Activity = Below are lines of data; restate word for word those running from the line containing "maker: johannes tavenraat" to the line containing "inscriptions: collector's mark: Lugt 2228", inclusive, and no others.

───── Extracted material ─────

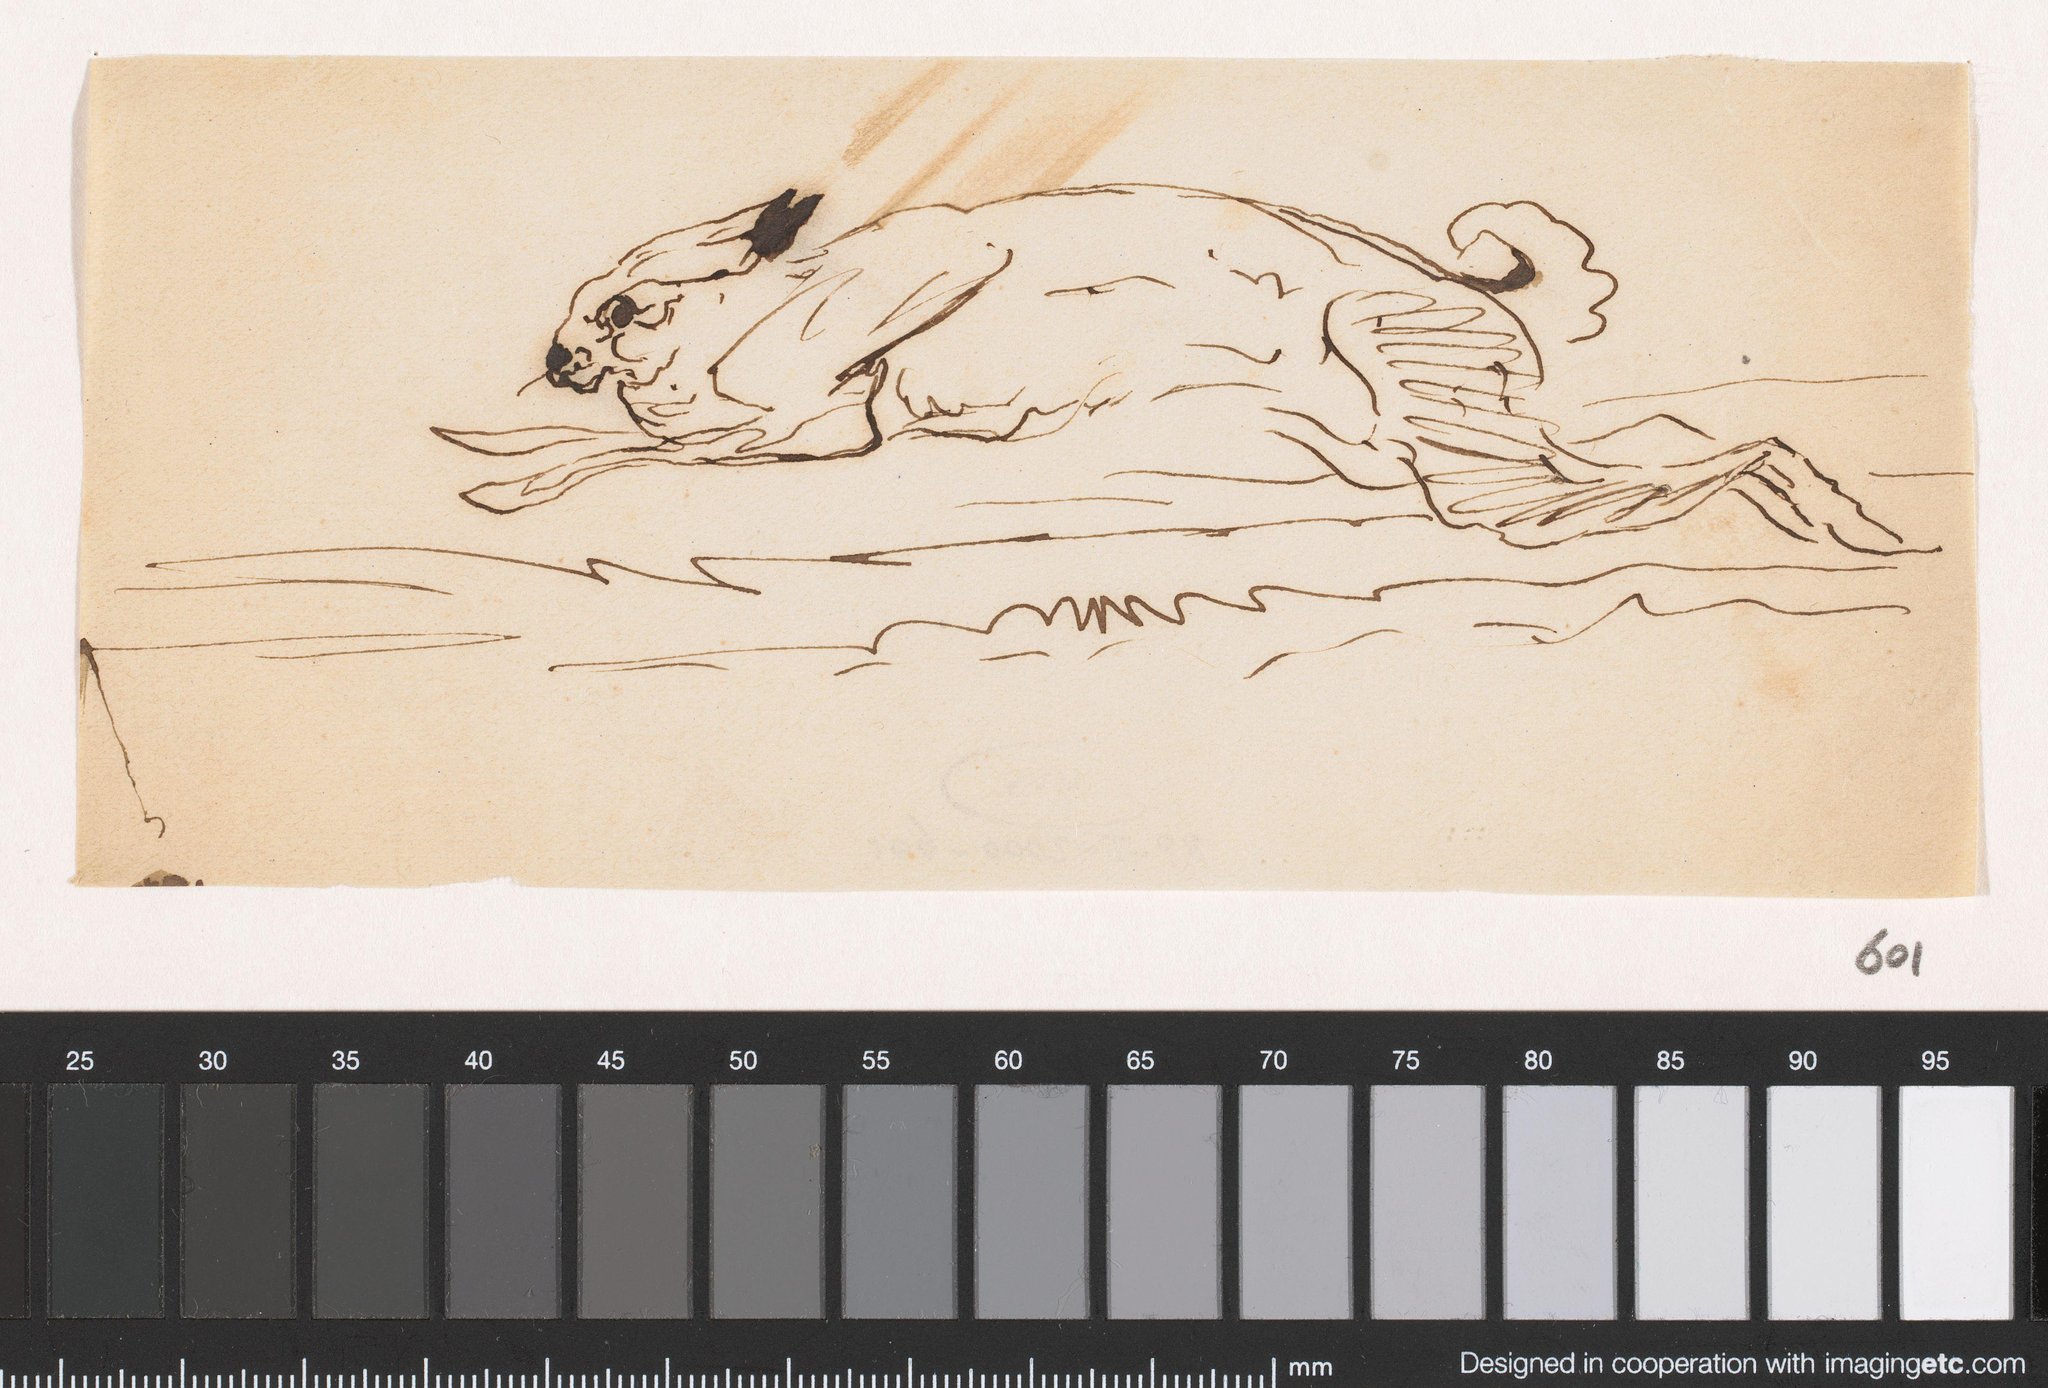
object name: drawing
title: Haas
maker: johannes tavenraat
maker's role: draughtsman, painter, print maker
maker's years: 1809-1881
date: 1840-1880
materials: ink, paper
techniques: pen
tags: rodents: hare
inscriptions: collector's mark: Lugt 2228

─────
───── Extracted material ─────

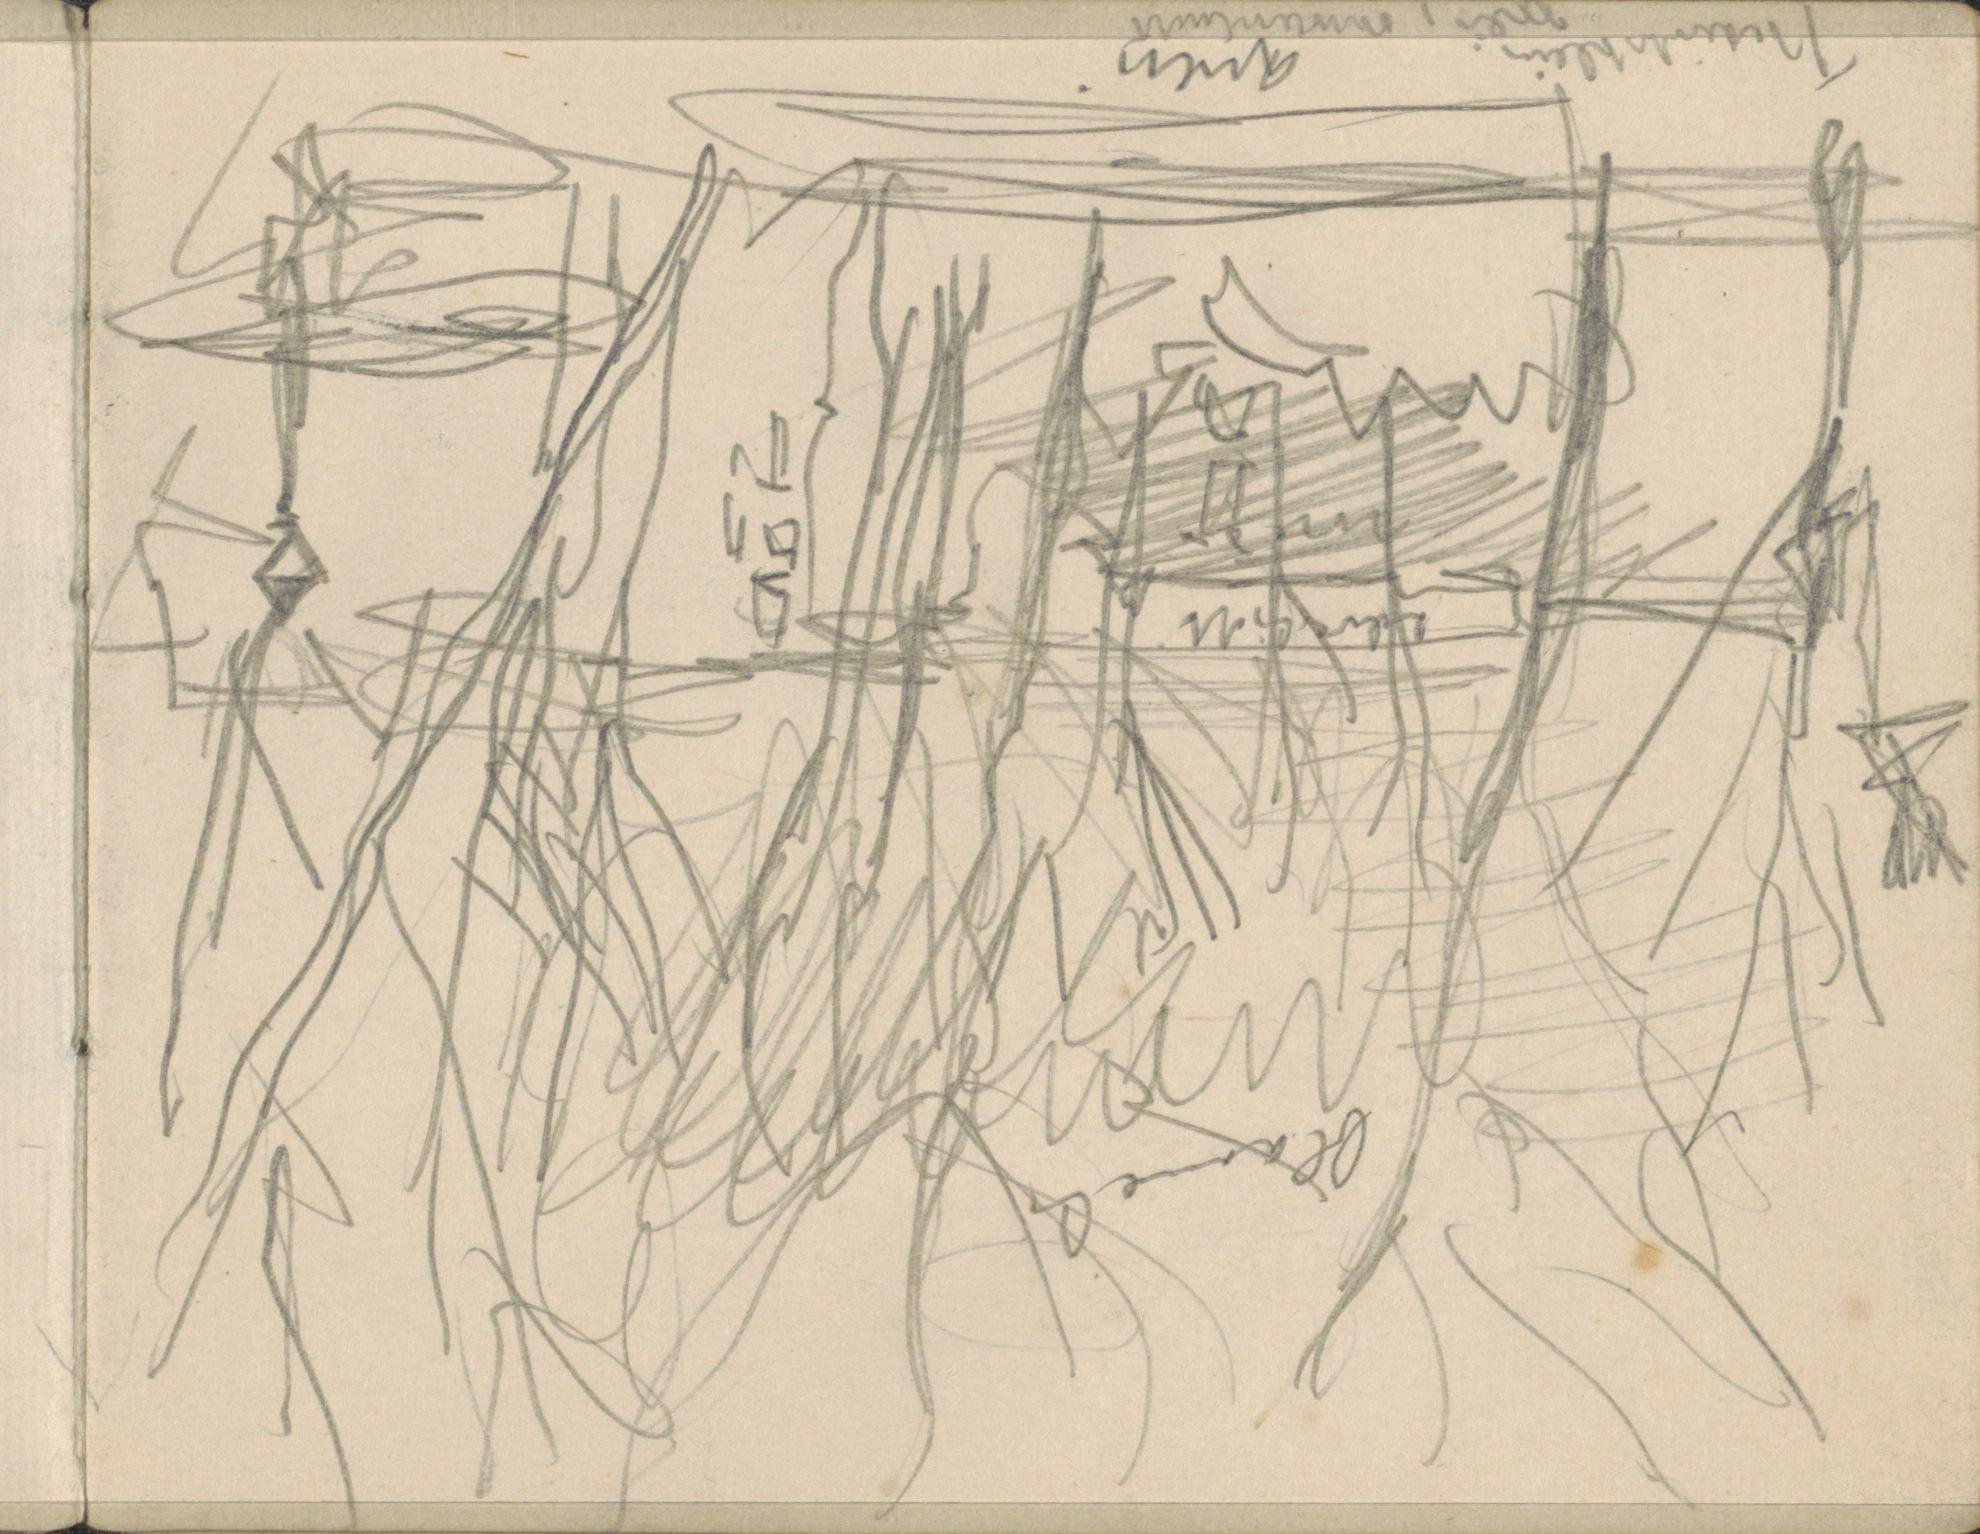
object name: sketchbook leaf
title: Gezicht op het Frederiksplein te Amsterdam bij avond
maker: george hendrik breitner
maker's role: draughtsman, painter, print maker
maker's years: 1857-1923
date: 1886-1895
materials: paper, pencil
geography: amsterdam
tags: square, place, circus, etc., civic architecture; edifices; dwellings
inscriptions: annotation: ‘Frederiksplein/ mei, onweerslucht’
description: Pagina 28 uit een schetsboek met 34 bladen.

─────

Result for this task =
maker: johannes tavenraat
maker's role: draughtsman, painter, print maker
maker's years: 1809-1881
date: 1840-1880
materials: ink, paper
techniques: pen
tags: rodents: hare
inscriptions: collector's mark: Lugt 2228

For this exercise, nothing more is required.